La biologie des êtres humains est extrêmement complexe et elle implique différents systèmes interdépendants, tels que le système hormonal et le système nerveux. Ces systèmes interagissent entre eux ainsi qu’avec certains aspects de l’environnement. La génétique aurait une grande influence sur le fonctionnement de ces systèmes. Ainsi un certain nombre de chercheurs ont tenté de vérifier si les orientations et comportements politiques étaient en partie influencés par les prédispositions génétiques des individus. Différentes méthodes étaient déjà à leur disposition.

La méthode des études de jumeaux a été développée au début du XXe siècle. Pour un trait ou un phénomène donné, cette méthode vise principalement à estimer la part de la variance qui est attribuable à la génétique. La méthode consiste à comparer les jumeaux identiques et les jumeaux non identiques et elle s’appuie entre autres sur le postulat que les premiers ont 100% de leur code génétique en commun, alors que les seconds n’en partagent qu’environ 50%. Pour un trait donné, l’influence de la génétique est estimée en mesurant à quel point les jumeaux identiques sont plus semblables que les jumeaux fraternels. L’ampleur de cette plus grande ressemblance est présumée représenter la moitié de l’influence de la génétique sur le trait en question. Les études de jumeaux sont depuis longtemps utilisées en médecine ainsi qu’en psychiatrie. Cette méthode a été le fer de lance de la génétique des comportements, une discipline qui, comme son nom l’indique, vise à définir l’influence de la génétique sur les traits sociaux chez les humains et les animaux (Bouchard Jr et Propping 1993).

Les chercheurs intéressés à l’influence de la génétique sur la politique allaient également pouvoir analyser des données d’ADN. Le séquençage du code génétique humain a débuté en 1993 et n’a été complété que dix années plus tard, en 2003. Toutefois, la recherche en psychiatrie n’a pas attendu que le Projet Génome Humain soit finalisé pour entamer l’analyse de l’influence de certains gènes.

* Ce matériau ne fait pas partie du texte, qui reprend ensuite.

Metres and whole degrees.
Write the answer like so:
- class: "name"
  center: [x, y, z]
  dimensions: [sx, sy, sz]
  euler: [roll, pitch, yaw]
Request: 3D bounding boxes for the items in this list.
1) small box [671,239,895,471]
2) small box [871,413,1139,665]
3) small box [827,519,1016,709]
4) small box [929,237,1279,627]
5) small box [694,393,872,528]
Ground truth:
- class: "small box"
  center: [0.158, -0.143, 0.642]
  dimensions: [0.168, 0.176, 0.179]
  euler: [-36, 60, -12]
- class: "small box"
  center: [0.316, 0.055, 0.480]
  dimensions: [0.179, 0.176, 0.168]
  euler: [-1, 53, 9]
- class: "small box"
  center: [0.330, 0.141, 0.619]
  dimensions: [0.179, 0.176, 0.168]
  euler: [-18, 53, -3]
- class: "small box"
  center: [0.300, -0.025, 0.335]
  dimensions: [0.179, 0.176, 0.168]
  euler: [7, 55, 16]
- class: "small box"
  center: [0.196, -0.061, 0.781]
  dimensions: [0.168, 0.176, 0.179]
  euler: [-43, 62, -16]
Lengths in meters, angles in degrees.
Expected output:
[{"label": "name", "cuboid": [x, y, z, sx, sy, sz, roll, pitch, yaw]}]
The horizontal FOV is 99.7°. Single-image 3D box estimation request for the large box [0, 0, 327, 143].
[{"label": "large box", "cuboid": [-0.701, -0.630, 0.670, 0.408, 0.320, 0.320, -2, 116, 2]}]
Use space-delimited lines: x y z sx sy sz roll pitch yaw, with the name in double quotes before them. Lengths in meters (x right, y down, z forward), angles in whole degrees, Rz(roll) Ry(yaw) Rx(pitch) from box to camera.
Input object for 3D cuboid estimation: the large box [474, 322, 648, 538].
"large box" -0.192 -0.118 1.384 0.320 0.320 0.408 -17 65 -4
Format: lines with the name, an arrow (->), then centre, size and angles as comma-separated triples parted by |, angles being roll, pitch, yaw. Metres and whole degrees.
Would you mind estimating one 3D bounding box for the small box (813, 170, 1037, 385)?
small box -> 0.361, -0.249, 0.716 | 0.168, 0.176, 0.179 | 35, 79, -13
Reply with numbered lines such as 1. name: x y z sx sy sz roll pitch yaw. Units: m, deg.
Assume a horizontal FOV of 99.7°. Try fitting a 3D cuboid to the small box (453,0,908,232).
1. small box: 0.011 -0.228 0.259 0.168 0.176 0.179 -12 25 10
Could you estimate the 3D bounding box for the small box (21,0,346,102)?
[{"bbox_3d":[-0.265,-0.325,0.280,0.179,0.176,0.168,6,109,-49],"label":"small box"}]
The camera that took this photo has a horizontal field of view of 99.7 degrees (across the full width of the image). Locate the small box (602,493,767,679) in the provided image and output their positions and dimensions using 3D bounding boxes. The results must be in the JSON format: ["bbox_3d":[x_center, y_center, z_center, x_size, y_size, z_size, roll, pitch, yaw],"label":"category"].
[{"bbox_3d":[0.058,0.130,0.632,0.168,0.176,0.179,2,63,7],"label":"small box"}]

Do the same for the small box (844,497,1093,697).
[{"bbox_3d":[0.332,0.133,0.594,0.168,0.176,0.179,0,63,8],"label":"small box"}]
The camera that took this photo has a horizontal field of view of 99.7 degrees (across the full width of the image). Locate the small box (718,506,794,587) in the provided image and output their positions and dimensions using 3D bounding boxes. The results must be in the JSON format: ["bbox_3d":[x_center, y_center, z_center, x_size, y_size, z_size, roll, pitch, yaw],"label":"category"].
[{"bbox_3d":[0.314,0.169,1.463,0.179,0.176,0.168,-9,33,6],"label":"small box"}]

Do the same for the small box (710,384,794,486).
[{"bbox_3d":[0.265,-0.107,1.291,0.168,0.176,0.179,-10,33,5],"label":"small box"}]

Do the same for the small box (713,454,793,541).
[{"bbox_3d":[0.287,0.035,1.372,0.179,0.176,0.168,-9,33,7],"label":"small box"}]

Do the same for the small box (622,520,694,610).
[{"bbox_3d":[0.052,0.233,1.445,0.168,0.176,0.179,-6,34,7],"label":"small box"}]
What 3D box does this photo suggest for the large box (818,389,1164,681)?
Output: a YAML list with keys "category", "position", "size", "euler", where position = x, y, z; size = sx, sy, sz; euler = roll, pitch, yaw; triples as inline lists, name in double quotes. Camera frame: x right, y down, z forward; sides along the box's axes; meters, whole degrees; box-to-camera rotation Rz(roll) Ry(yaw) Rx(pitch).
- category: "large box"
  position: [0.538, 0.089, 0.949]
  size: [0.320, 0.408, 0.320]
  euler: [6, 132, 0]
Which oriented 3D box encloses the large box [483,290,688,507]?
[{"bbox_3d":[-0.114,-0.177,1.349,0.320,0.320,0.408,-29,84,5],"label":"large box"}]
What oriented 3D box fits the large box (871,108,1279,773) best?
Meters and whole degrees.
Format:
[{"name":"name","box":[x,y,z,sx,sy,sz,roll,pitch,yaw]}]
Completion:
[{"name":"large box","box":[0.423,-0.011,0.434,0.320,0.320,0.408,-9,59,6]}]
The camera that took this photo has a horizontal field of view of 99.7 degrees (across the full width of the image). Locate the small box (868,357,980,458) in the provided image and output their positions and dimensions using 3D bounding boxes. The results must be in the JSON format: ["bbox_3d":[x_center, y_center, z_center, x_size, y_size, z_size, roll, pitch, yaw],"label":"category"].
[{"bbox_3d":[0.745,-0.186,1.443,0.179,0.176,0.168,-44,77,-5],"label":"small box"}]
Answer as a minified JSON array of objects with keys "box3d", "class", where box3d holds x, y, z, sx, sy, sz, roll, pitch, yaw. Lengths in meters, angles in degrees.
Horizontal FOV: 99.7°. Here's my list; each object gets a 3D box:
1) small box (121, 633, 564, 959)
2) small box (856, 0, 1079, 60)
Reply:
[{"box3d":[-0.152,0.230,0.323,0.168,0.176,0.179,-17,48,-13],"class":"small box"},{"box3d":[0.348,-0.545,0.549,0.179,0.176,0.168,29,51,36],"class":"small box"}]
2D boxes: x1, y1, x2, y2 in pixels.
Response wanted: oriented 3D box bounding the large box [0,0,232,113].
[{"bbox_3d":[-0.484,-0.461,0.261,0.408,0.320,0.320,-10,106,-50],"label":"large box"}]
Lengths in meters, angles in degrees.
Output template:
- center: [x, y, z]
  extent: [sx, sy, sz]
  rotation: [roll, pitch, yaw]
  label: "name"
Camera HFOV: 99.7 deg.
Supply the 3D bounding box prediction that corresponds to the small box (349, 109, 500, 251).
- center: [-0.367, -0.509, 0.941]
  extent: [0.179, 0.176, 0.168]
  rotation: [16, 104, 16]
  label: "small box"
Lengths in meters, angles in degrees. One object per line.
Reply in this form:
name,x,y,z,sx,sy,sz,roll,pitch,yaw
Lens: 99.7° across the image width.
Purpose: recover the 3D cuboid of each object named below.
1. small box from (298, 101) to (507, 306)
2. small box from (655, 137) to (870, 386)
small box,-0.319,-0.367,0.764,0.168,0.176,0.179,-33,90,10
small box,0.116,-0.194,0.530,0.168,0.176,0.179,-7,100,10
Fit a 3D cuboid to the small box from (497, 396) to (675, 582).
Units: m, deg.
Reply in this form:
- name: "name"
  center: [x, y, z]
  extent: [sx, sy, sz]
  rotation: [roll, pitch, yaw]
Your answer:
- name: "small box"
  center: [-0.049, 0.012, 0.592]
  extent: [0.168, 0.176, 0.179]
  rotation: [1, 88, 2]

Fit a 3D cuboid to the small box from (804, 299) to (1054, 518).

La méthode par gène candidat consiste à tester si la forme d’un gène est significativement associée avec la forme d’un trait. Ainsi, une étude publiée en 1993 dans le magazine Science (Brunner, Nelen, Breakefield, Ropers et Van Oost 1993) suggère que les sérieux problèmes de développement intellectuel et de comportements violents puissent être causés par une malformation génétique altérant la sécrétion de l’enzyme monoamine oxidaze de type A (MAOA). Une autre recherche, publiée cette fois en 2003, suggère qu’il est possible de prédire les comportements violents à partir d’une interaction entre la forme du gène MAOA et un environnement caractérisé par la violence familiale vécue pendant l’enfance (Caspi, McClay, Moffitt, Mill, Martin, Craig, Taylor et Poulton 2002). Avec ces outils en main, les chercheurs qui le désiraient ont pu entreprendre l’analyse de l’influence des prédispositions génétiques sur la politique.